The left-footer nicknamed 'Smiler' was selected by England on 8 occasions scoring 5 goals, his international debut came on 14 March 1921 in a 0-0 British Championship draw with Wales at Ninian Park, Cardiff, his first goal for his country came in a 2-0 friendly victory over Belgium at the Oscar Bossaert Stadion, Molenbeek-Saint-Jean, Brussels on 21 May 1921, Chambers best game for his country came on 22 October 1921 in a British Championship match at The Hawthorns, West Bromwich, it was against Ireland and he scored both goals in the 2–0 victory.

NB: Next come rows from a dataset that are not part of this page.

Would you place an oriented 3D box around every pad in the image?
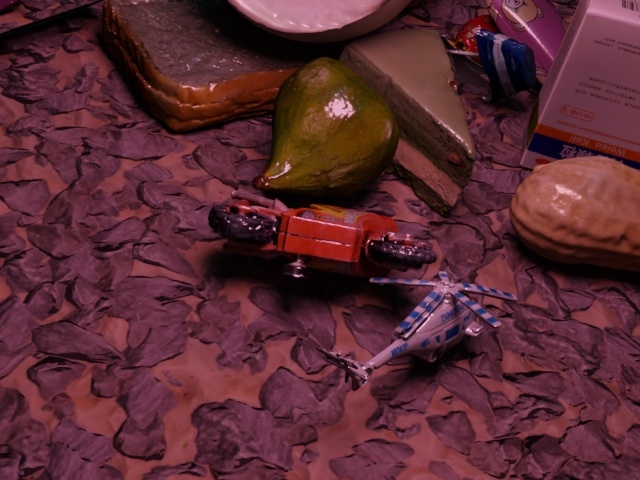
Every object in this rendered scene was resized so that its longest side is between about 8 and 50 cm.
[{"bbox_3d":[-0.421,-0.355,1.516,0.211,0.003,0.143,-32,20,-37],"label":"pad"}]

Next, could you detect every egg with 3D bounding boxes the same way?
[{"bbox_3d":[0.014,-0.485,1.485,0.354,0.355,0.340,23,15,8],"label":"egg"}]

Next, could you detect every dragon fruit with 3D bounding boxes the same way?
[{"bbox_3d":[0.319,-0.361,1.728,0.190,0.094,0.094,-6,48,-32],"label":"dragon fruit"}]

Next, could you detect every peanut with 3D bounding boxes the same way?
[{"bbox_3d":[0.436,-0.032,1.386,0.340,0.158,0.174,12,14,-9],"label":"peanut"}]

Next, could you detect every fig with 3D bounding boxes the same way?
[{"bbox_3d":[-0.013,-0.128,1.355,0.203,0.203,0.235,36,67,20],"label":"fig"}]

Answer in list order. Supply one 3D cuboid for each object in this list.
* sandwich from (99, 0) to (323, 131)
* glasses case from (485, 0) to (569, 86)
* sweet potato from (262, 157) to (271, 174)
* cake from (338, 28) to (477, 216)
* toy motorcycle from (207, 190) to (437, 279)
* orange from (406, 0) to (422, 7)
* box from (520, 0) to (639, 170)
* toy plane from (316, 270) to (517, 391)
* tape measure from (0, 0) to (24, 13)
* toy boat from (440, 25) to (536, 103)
[{"bbox_3d":[-0.168,-0.301,1.526,0.301,0.099,0.271,-17,50,-30],"label":"sandwich"},{"bbox_3d":[0.406,-0.322,1.655,0.316,0.076,0.123,51,46,2],"label":"glasses case"},{"bbox_3d":[-0.068,-0.099,1.400,0.034,0.034,0.095,16,37,1],"label":"sweet potato"},{"bbox_3d":[0.114,-0.177,1.445,0.172,0.158,0.284,0,49,-14],"label":"cake"},{"bbox_3d":[0.000,-0.001,1.251,0.298,0.089,0.171,11,8,-1],"label":"toy motorcycle"},{"bbox_3d":[0.134,-0.537,1.742,0.240,0.240,0.240,7,45,-8],"label":"orange"},{"bbox_3d":[0.450,-0.225,1.469,0.200,0.299,0.106,16,44,1],"label":"box"},{"bbox_3d":[0.122,0.122,1.157,0.182,0.107,0.273,12,30,19],"label":"toy plane"},{"bbox_3d":[-0.543,-0.420,1.562,0.125,0.074,0.118,42,49,22],"label":"tape measure"},{"bbox_3d":[0.206,-0.295,1.593,0.291,0.220,0.067,9,76,23],"label":"toy boat"}]
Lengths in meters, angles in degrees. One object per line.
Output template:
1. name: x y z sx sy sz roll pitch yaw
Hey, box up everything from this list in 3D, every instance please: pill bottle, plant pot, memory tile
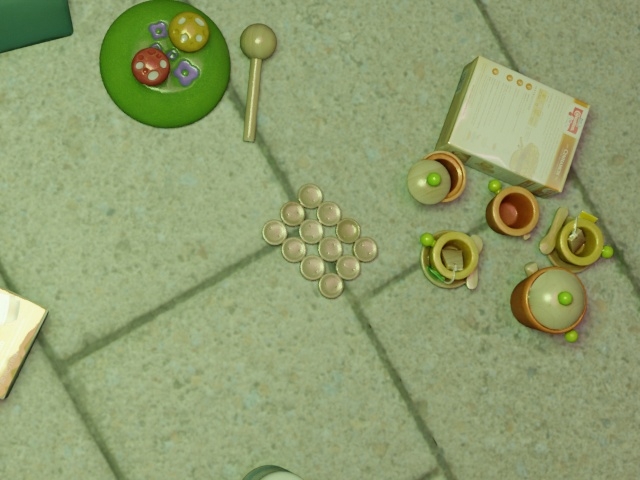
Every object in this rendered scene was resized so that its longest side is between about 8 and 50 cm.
1. pill bottle: -0.056 0.343 1.494 0.087 0.160 0.087 1 84 -13
2. plant pot: -0.416 -0.350 1.451 0.165 0.234 0.165 -18 89 -14
3. memory tile: 0.000 0.000 1.621 0.148 0.012 0.113 44 77 -4

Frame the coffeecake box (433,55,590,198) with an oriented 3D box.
1. coffeecake box: 0.281 -0.164 1.673 0.185 0.068 0.142 22 79 -9

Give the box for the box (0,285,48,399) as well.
1. box: -0.454 0.111 1.465 0.170 0.091 0.130 25 79 -9

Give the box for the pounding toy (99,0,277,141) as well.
1. pounding toy: -0.180 -0.246 1.557 0.237 0.110 0.183 12 82 -11

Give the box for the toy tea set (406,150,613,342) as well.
1. toy tea set: 0.263 0.000 1.622 0.336 0.124 0.200 25 79 -9
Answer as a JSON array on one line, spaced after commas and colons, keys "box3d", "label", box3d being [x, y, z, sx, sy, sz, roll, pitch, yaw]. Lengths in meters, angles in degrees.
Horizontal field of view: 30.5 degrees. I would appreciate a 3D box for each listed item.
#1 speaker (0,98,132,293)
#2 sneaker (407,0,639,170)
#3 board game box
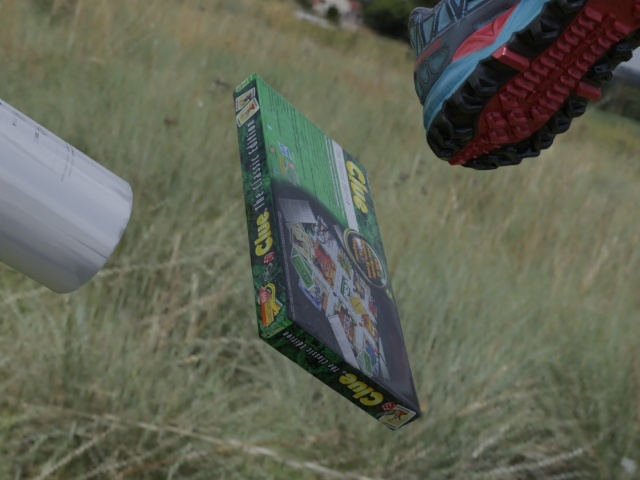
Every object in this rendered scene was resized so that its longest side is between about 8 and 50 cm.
[{"box3d": [-0.137, -0.033, 0.437, 0.136, 0.055, 0.055, 35, -1, -34], "label": "speaker"}, {"box3d": [0.137, -0.160, 0.629, 0.104, 0.262, 0.125, 21, 40, -41], "label": "sneaker"}, {"box3d": [0.000, 0.000, 0.821, 0.136, 0.030, 0.259, 36, 28, -33], "label": "board game box"}]
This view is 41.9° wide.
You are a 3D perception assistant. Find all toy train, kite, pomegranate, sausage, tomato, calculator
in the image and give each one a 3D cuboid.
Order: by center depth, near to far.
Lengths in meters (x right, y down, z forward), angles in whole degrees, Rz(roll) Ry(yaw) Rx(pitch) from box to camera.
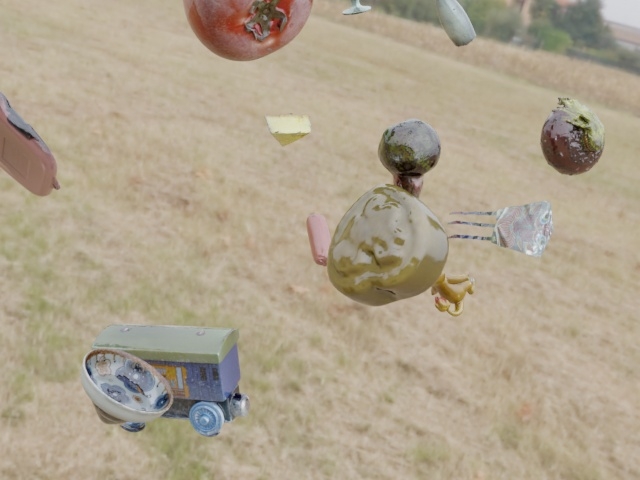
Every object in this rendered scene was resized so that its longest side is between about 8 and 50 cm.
[{"bbox_3d":[-0.598,-0.210,1.531,0.330,0.220,0.048,45,58,0],"label":"calculator"},{"bbox_3d":[-0.284,0.261,1.613,0.300,0.201,0.131,0,18,16],"label":"toy train"},{"bbox_3d":[0.166,-0.161,1.647,0.126,0.163,0.138,24,2,-13],"label":"pomegranate"},{"bbox_3d":[-0.150,-0.503,1.678,0.270,0.270,0.227,0,40,-39],"label":"tomato"},{"bbox_3d":[0.373,-0.025,1.762,0.229,0.127,0.016,0,-27,27],"label":"kite"},{"bbox_3d":[0.000,0.000,2.282,0.062,0.062,0.154,5,56,-28],"label":"sausage"}]

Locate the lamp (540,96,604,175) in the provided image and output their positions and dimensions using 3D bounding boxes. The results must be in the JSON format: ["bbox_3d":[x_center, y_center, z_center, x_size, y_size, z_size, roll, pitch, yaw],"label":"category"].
[{"bbox_3d":[0.562,-0.222,1.834,0.157,0.156,0.135,28,-12,-34],"label":"lamp"}]

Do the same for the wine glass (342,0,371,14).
[{"bbox_3d":[0.062,-0.561,1.771,0.073,0.155,0.073,-8,24,3],"label":"wine glass"}]

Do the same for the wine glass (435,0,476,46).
[{"bbox_3d":[0.263,-0.502,1.776,0.198,0.066,0.066,53,-2,-30],"label":"wine glass"}]

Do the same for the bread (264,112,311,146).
[{"bbox_3d":[-0.085,-0.319,2.312,0.080,0.109,0.084,50,20,-50],"label":"bread"}]

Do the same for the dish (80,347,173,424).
[{"bbox_3d":[-0.291,0.227,1.194,0.141,0.078,0.141,31,15,-9],"label":"dish"}]

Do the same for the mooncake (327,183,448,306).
[{"bbox_3d":[0.120,0.002,1.566,0.117,0.234,0.235,25,7,-42],"label":"mooncake"}]

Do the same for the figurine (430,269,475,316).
[{"bbox_3d":[0.302,0.120,2.081,0.176,0.121,0.122,34,48,-30],"label":"figurine"}]

Harry was allowed to leave and in April 1928, aged 32, he signed for West Bromwich Albion where the forward who scored a goal every 2 1/4 games for the Reds was converted to a centre-half! Before he retired from the professional game he went on to be player-manager for Oakengates Town (1929-1933), at the same time as running a local public house called The Stafford Arms, and represent Hereford. Even after retiring Chambers, who was employed for the last ten years of his life at the factory of Messrs Sankey's in nearby Hadley, could not stay away from the game he loved and continued to play for Shropshire team Oakengates right up until his death at Shrewsbury in 1949 aged 52. He was buried at Wombridge Parish Church near Oakengates.

===Career details===

- Liverpool F.C (1915–1928) † 338 appearances, 151 goals - Two First Division Championships winners medals (1922 and 1923)
†Although Chambers signed in 1915 he was unable to make his debut until the opening day of the 1919/20 season due to outbreak of World War I of 1914/18.